CDU: Koalitionsvertrag der neuen rot-grünen Minderheitsregierung auch für Schwerte eine Vereinbarung mit vielen Fragezeichen
Seit dem gestrigen Donnerstag hat Nordrhein-Westfalen eine neue rot-grüne Minderheitsregierung, die bei ihrem zukünftigen Wirken vom Wohlwollen der Linksparteiabhängig sein wird. Weil SPD und Bündnis 90/Die Grünen im Landtag aber über keine eigene Mehrheit verfügen, steht damit auch völlig in den Sternen, ob ihr Koalitionsvertrag jemals in die Realität umgesetzt werden kann oder ob er nur ein Stück Papier bleibt. Hinzu kommt, dass auch mit Bezug auf die Städte und Gemeinden im Koalitionsvertrag vieles (bewusst) unscharf formuliert ist und dringend einer inhaltlichen Präzisierung bedarf", sagte heute (16. Juli 2010) Jörg Schindel, Vorsitzender des CDU Stadtverbandes Schwerte.
Das gilt unter anderem auch für die sogenannten Konsolidierungshilfen für die Kommunen. Im Einzelnen heißt es dazu im Koalitionsvertrag wie folgt: ‚Daher wird die neue Landesregierung zügig eine Konsolidierungshilfe für die durch Altschulden besonders belasteten Gemeinden gewährleisten.' Schindel: "Was bedeutet zügig? Was genau sind Altschulden und was nicht? Ab wann liegt eine besondere Belastung durch Altschulden vor und bis wann noch nicht? Besonders erwähnenswert ist in diesem Zusammenhang auch noch der Aspekt, dass die Kommunen einen Teil der für sie gedachten finanziellen Hilfen über einen sogenannten kommunalen Anteil selbst bezahlen sollen."
Ein Markenzeichen des rot-grünen Koalitionsvertrages ist, das Thema ‚Griechenland' scheint bei der neuen Minderheitsregierung noch nicht angekommen zu sein, die stark gestiegene Nettoneuverschuldung des Landeshaushaltes. Dr. Jens Brökelschen, stellvertretender CDU-Stadtverbandsvorsitzender: "Die Bürgerinnen und Bürger sind immer ein Teil von Kommune, Land und Bund. Was haben die Menschen unter dem Strich aber davon, wenn sie auf der einen Seite durch die Konsolidierungshilfe auf der kommunalen Ebene entlastet, auf der anderen Seite aber durch die Erhöhung der Landesverschuldung belastet werden? Oder wer, glaubt die neue SPD-Ministerpräsidentin, wird die Landesschulden zurückbezahlen dürfen?"

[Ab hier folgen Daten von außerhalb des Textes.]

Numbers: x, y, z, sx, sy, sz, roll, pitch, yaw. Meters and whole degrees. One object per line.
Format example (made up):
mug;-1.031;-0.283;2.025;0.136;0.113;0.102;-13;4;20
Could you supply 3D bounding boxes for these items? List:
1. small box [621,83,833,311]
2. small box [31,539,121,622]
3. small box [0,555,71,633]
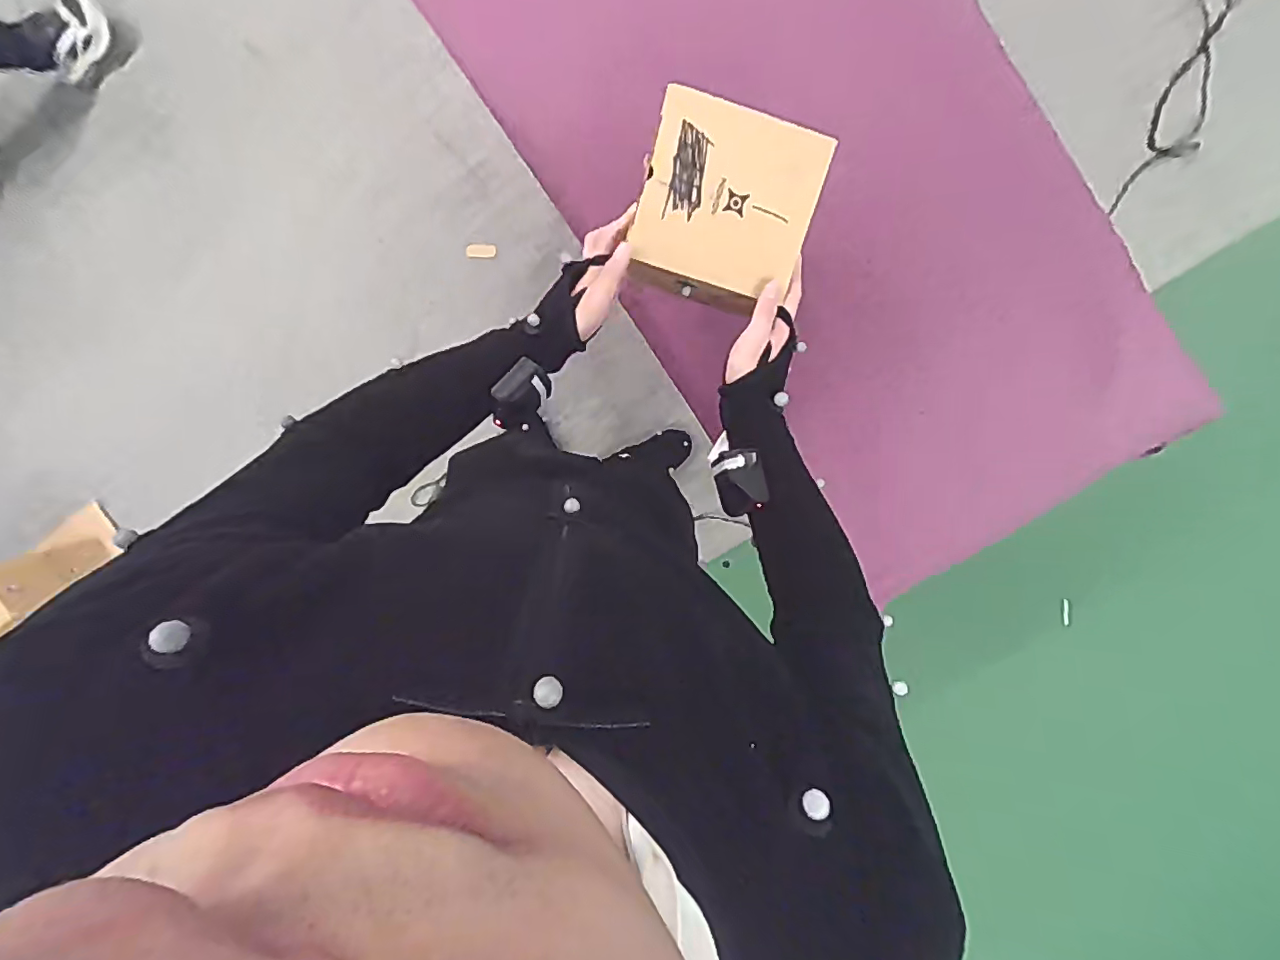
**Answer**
small box;0.083;-0.300;0.618;0.179;0.176;0.168;16;102;-5
small box;-1.837;0.313;1.727;0.168;0.176;0.179;-31;96;8
small box;-1.842;0.336;1.567;0.168;0.176;0.179;-32;97;8
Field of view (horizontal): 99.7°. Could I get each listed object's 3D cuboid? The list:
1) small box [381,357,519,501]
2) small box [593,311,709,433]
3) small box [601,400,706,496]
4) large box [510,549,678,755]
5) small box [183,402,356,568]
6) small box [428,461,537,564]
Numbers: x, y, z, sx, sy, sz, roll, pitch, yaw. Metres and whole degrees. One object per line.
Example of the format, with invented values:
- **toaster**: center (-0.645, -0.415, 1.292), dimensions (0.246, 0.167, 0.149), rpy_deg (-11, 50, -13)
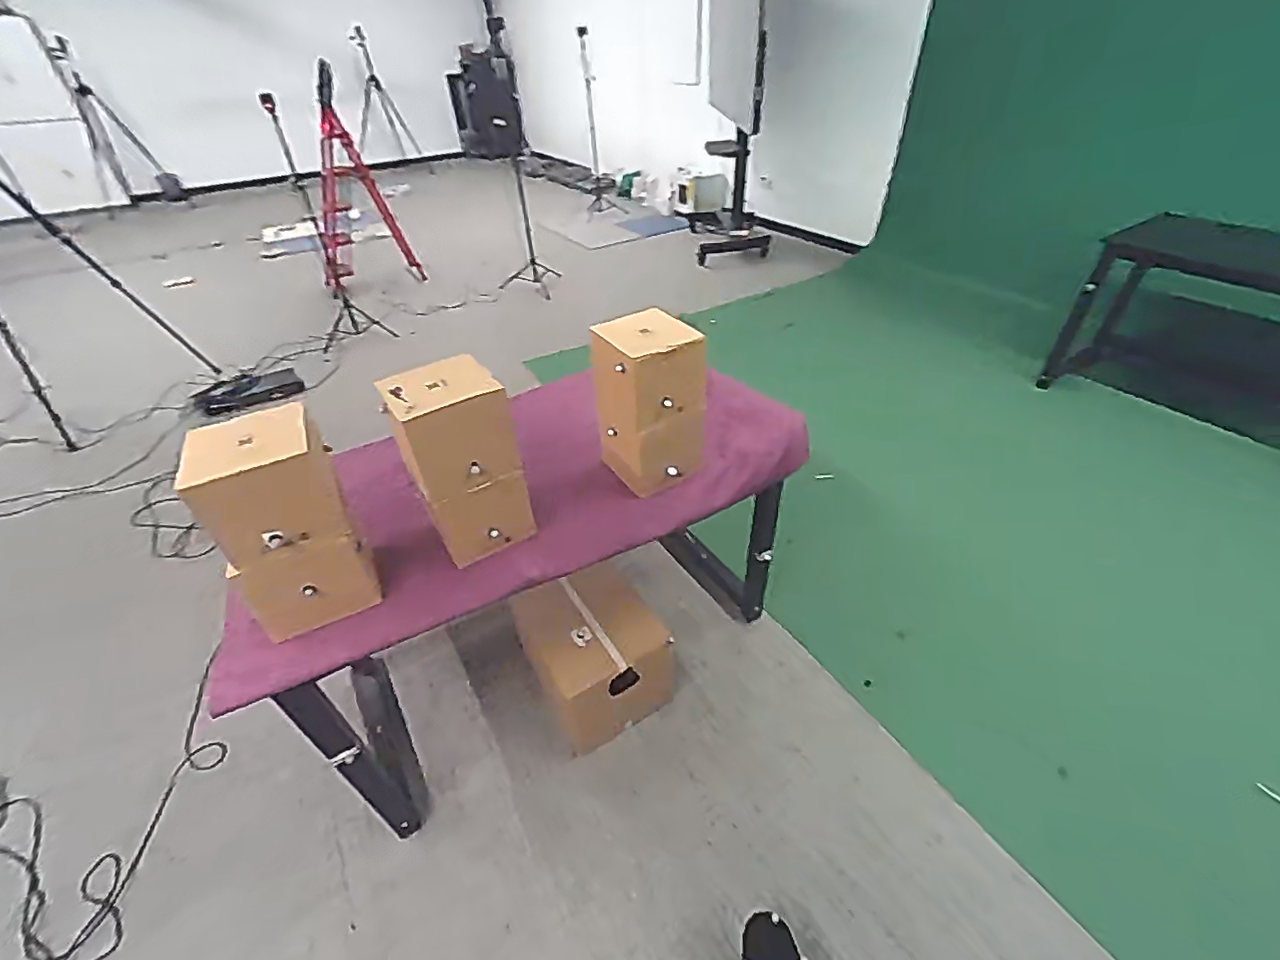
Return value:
- **small box**: center (-0.328, -0.093, 0.961), dimensions (0.179, 0.176, 0.168), rpy_deg (-24, 42, -25)
- **small box**: center (0.020, -0.221, 1.102), dimensions (0.168, 0.176, 0.179), rpy_deg (-24, 44, -23)
- **small box**: center (0.028, -0.093, 1.201), dimensions (0.168, 0.176, 0.179), rpy_deg (-23, 44, -23)
- **large box**: center (-0.134, 0.479, 1.557), dimensions (0.320, 0.320, 0.408), rpy_deg (-24, 45, -23)
- **small box**: center (-0.573, 0.006, 0.855), dimensions (0.168, 0.176, 0.179), rpy_deg (-22, 43, -20)
- **small box**: center (-0.321, 0.033, 1.065), dimensions (0.168, 0.176, 0.179), rpy_deg (-25, 44, -24)
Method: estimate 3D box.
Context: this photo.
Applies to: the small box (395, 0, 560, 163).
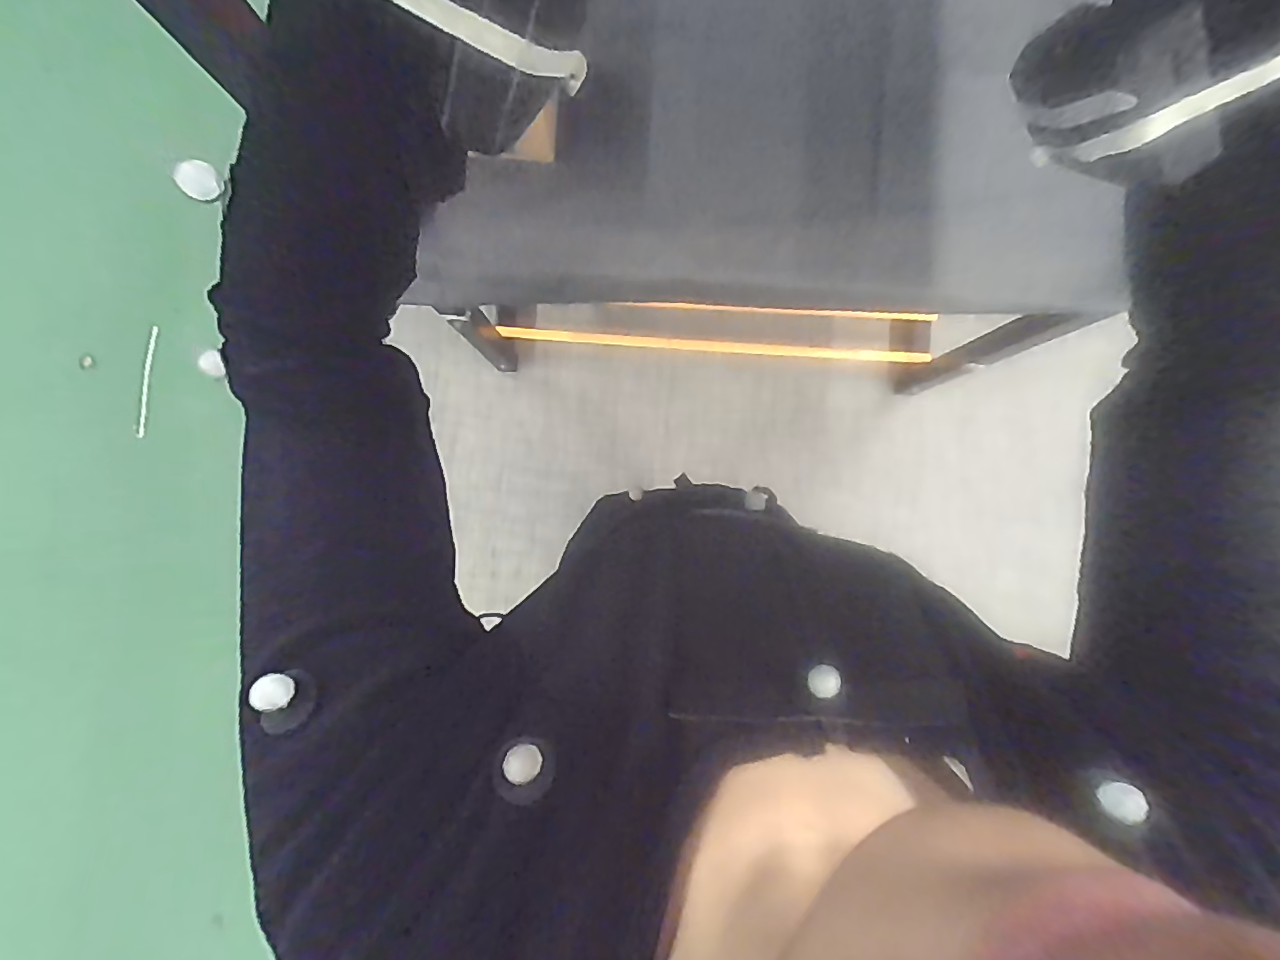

Mit Bezug auf die zukünftige finanzielle Situation der Städte und Gemeinden in Nordrhein-Westfalen und damit auch für Schwerte hängt einiges davon ab, ob, und wenn ja, in welche Richtung die rot-grünen Koalitionspartner das Gemeindefinanzierungsgesetz weiterentwickeln werden. "Auch daran wird sich dann schlussendlich zeigen, ob die neue Minderheitsregierung tatsächlich, wie es im Koalitionsvertrag so schön heißt, ‚Anwalt der Kommunen' ist, oder ob im nachhinein alles doch nur heiße Luft war", so Schindel und Brökelschen.